Something I need to research more than I have
My wife loves Dita Von Teese – I totally understand why, my problem is that I know why I understand, I just wish I didn't.
My wife loves all things Dita Von Teese. Whenever I think of her name I think of the word tease, I’m guessing it’s intentional. It must be. I’m not initiated, the first I knew of Ms Von Teese was when I read she was Marilyn Manson’s love interest. Does he have love interests? I don’t know him. I feel I’m writing in very short sentences, I think I do this when I explain what I’m thinking, putting into words my thoughts—which are all probably short themselves. That, is not my fault.

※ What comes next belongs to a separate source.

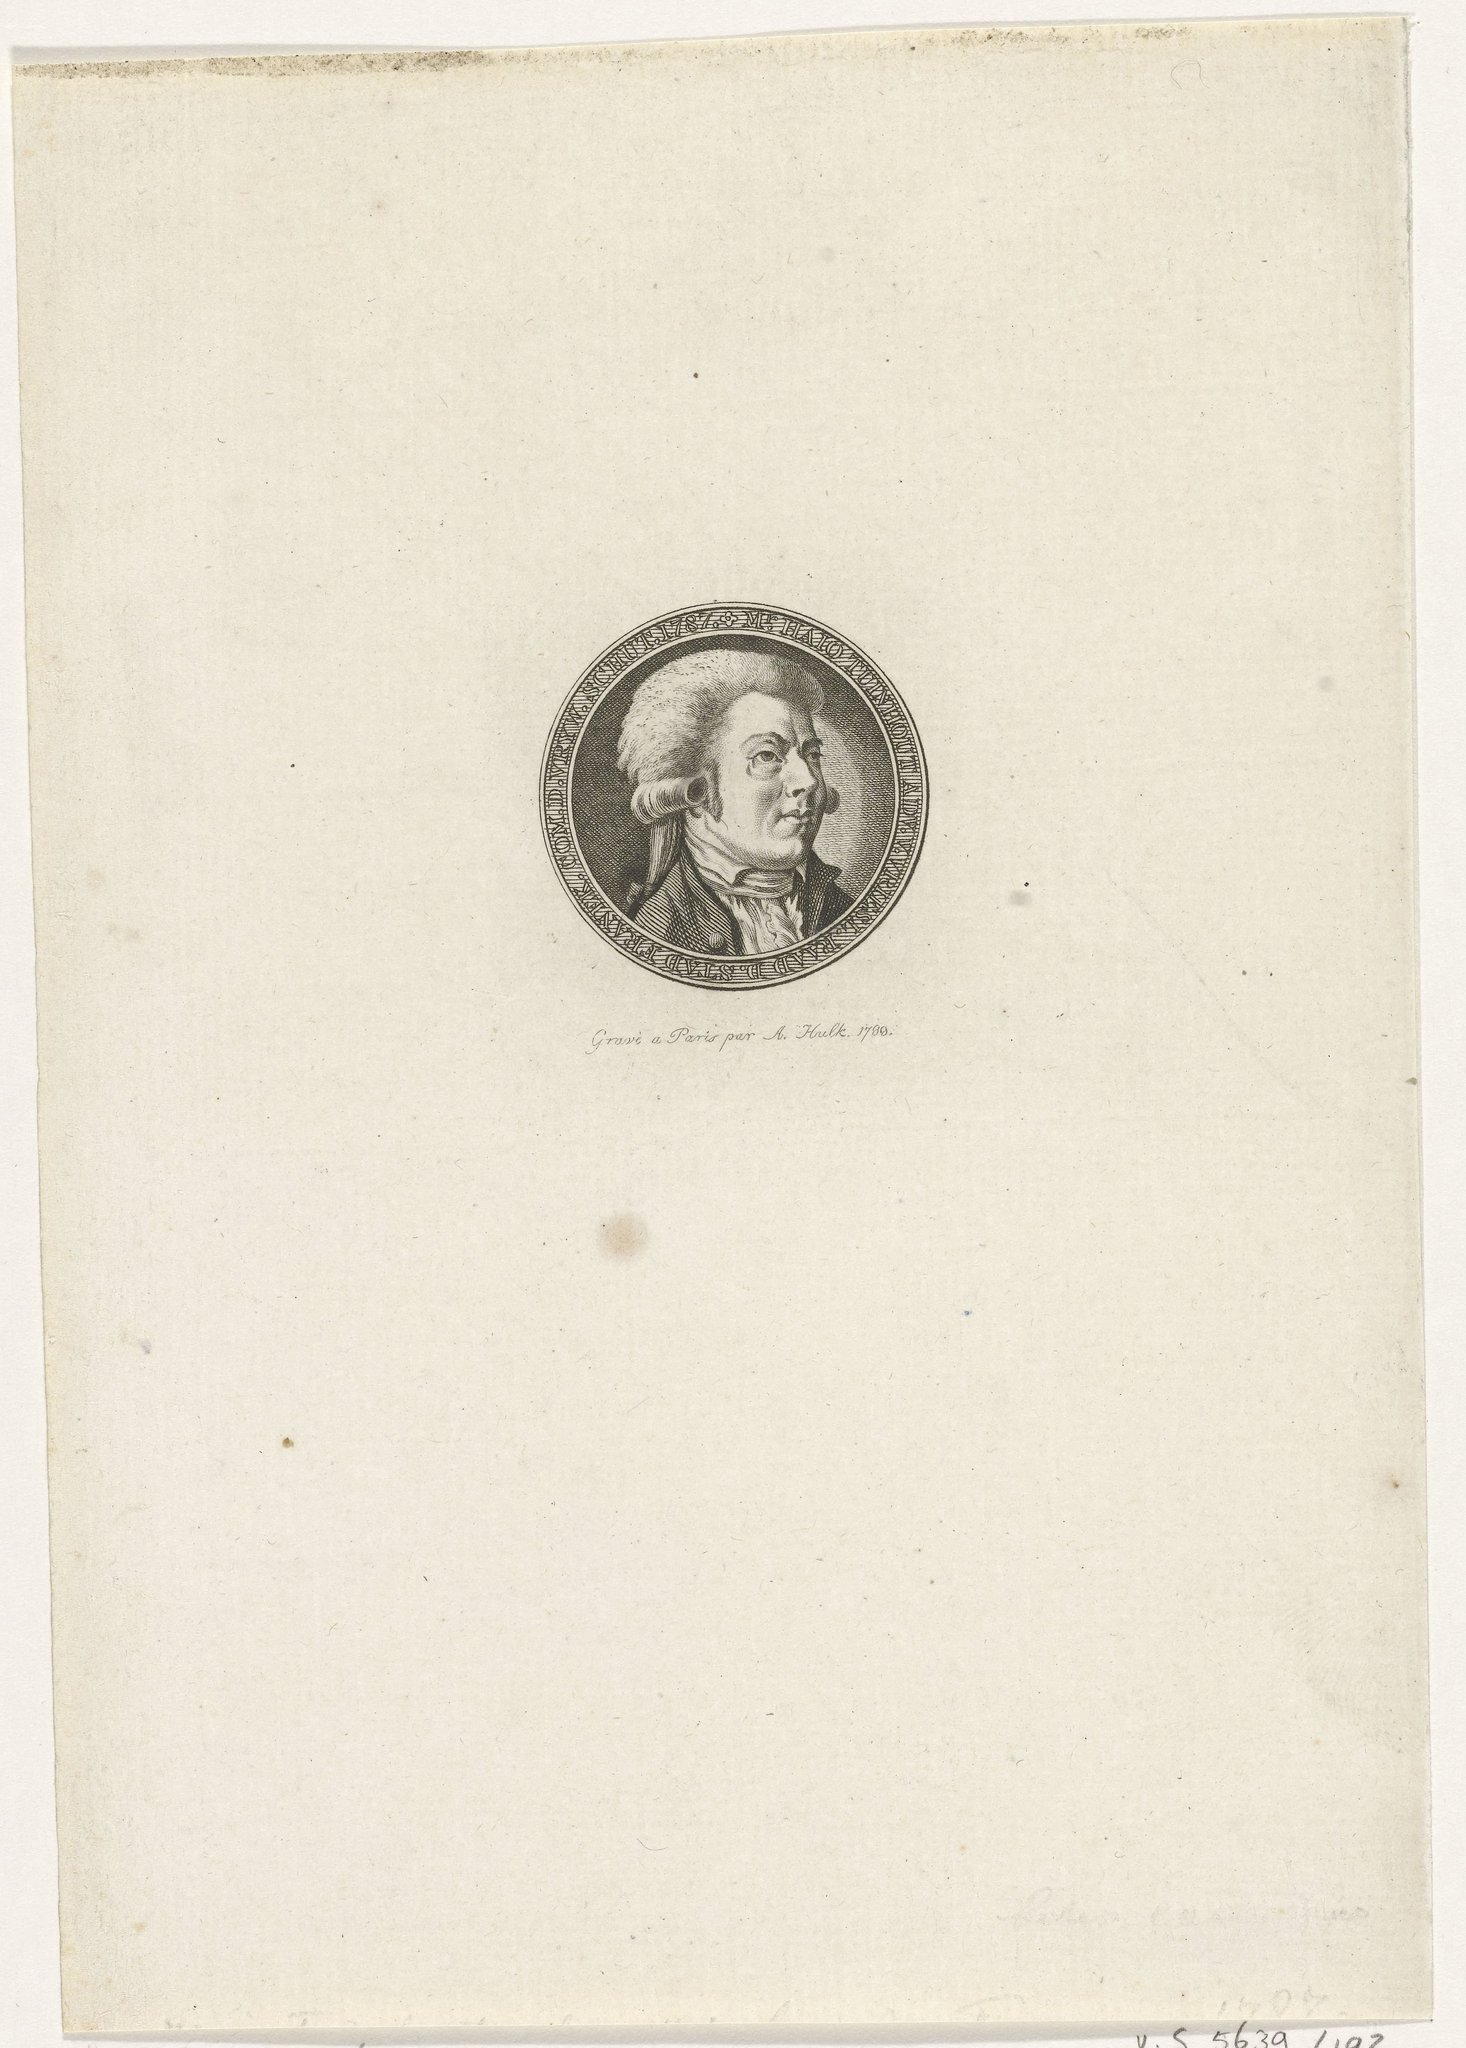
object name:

Anyway, from what I see from the outside, I think I like burlesque—I’ve been to Paris and walked past Crazy Horse, from the Mötley Crüe song, stood there awhile thinking “shall I take a picture”, I didn’t. I don’t take more pictures than I do take. And that’s easy to explain. I’ve been places and forgotten everything, been told I’ve met someone and because I’m there with my camera there’s no memory in my head. I don’t care mostly as my camera is my memory of most things, but like a navigation device in a car that takes you places—you don’t actually learn how to get there. Remember when you used to ask the time as a kid and your mum would just tell you to look at the clock yourself. That.
So burlesque, then. In my head it’s mixture of the Wild Wild West and Paris dancing with frilly knickers, high kicks, drinking shots and six shooters. It has that whole stripper image, but I know it’s not about that. It has that whole seedy bar image, but I know it’s not about that. I think about the can-can, but I really know it’s not about that… but it does have all that in it, in my head.
I should do a whole load more research on this subject and get out of my head what I think is in it. I think I’m going crazy.